* **Requirement**
Among the entries that follow, find every line with the word "case" and copy it.

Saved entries

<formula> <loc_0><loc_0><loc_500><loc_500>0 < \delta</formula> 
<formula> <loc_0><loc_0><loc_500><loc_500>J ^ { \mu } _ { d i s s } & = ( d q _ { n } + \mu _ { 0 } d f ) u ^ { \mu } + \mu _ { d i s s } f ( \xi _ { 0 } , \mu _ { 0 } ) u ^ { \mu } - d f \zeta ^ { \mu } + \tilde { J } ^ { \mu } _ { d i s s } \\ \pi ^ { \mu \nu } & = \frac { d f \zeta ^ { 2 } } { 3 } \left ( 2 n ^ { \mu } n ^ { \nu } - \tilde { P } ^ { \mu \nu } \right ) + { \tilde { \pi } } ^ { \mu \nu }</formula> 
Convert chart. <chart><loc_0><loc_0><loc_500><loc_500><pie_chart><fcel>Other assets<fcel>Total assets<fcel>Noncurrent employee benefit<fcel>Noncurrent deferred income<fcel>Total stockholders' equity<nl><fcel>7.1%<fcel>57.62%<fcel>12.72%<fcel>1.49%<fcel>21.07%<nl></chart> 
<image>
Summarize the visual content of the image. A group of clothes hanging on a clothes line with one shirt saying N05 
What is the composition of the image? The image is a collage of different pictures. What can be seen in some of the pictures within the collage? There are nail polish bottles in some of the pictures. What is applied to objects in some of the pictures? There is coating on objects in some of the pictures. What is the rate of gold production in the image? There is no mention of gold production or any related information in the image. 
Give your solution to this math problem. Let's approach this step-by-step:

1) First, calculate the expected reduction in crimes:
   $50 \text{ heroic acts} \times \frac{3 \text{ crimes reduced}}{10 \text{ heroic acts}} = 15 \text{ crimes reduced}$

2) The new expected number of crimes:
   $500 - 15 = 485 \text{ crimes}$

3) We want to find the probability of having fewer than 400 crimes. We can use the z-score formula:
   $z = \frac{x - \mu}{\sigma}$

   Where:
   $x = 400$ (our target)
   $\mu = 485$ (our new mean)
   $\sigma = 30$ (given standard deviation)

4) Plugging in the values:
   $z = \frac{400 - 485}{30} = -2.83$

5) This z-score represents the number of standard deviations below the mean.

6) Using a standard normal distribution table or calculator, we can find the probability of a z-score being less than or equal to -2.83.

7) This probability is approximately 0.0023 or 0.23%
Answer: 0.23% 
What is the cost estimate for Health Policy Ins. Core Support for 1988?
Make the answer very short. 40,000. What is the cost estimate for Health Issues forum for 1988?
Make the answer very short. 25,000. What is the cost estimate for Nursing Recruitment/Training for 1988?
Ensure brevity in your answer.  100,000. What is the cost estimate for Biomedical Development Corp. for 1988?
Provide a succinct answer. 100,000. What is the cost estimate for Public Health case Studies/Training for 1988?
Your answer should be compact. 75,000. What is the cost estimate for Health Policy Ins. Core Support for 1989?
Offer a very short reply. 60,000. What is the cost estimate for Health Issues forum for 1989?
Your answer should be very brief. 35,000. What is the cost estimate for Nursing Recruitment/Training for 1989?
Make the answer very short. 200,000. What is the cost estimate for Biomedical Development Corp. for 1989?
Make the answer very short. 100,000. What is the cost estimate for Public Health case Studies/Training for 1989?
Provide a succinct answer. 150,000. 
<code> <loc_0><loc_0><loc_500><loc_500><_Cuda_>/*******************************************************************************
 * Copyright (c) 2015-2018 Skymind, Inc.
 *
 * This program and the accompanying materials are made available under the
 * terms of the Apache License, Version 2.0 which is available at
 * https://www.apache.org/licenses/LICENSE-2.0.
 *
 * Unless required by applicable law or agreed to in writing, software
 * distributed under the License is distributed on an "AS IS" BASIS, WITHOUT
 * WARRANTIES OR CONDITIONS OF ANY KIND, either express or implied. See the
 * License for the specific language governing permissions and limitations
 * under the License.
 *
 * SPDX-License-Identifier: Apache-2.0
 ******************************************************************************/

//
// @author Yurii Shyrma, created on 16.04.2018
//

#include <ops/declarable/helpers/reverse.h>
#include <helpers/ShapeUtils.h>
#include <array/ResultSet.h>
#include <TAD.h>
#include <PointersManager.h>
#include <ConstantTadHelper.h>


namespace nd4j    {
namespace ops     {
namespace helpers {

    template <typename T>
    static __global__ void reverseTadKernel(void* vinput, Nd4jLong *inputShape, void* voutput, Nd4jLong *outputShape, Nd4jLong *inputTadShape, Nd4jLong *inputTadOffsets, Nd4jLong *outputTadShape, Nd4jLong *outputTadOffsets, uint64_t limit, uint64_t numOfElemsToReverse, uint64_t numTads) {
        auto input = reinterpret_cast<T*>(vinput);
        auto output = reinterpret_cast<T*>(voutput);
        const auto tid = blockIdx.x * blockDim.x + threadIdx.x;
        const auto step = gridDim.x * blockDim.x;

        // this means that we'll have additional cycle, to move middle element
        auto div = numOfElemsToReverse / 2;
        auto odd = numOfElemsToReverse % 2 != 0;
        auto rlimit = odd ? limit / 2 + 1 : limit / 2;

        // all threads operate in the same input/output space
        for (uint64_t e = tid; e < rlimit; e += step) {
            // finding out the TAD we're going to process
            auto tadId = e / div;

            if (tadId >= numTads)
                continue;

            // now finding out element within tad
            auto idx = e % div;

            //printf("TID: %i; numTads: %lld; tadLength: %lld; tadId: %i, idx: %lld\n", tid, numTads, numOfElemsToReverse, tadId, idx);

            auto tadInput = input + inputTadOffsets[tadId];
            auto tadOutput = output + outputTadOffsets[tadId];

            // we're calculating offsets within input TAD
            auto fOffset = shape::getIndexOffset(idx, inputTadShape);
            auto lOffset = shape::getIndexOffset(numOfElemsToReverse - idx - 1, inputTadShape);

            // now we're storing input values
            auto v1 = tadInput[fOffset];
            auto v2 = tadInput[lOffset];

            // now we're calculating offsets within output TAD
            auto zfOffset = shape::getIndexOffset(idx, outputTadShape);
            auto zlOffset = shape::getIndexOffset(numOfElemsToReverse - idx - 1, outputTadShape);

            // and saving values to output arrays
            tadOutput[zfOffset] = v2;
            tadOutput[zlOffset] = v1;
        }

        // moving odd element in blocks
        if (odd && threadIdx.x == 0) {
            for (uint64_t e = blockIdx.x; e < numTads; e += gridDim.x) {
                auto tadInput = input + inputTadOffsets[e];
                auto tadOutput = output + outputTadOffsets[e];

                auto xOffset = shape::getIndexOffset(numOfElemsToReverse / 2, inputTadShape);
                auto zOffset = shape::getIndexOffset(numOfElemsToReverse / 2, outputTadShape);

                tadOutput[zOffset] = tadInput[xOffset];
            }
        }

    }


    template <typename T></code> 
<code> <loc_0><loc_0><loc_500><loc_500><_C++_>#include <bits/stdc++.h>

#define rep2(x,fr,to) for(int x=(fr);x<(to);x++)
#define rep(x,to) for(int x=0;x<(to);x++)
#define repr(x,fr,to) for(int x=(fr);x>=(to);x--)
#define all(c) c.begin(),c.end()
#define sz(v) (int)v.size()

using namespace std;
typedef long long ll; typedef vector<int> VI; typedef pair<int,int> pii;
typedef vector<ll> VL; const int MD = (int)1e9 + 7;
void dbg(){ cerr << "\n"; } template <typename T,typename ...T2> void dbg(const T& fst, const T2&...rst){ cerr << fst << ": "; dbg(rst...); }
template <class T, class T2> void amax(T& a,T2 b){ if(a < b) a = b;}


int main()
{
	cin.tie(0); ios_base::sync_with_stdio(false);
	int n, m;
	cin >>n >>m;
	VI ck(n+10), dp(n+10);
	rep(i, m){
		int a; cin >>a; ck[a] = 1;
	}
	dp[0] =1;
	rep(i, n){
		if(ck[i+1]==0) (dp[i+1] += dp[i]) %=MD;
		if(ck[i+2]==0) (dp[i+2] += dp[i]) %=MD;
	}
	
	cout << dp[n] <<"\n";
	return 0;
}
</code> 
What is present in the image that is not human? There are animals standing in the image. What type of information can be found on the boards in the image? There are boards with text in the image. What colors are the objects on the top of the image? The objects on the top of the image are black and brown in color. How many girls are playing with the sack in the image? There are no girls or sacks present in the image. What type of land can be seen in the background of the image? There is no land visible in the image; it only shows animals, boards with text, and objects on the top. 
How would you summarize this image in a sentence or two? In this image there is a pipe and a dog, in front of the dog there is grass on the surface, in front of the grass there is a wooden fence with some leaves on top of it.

* **Task result**
Provide a succinct answer. 100,000. What is the cost estimate for Public Health case Studies/Training for 1988?
Make the answer very short. 100,000. What is the cost estimate for Public Health case Studies/Training for 1989?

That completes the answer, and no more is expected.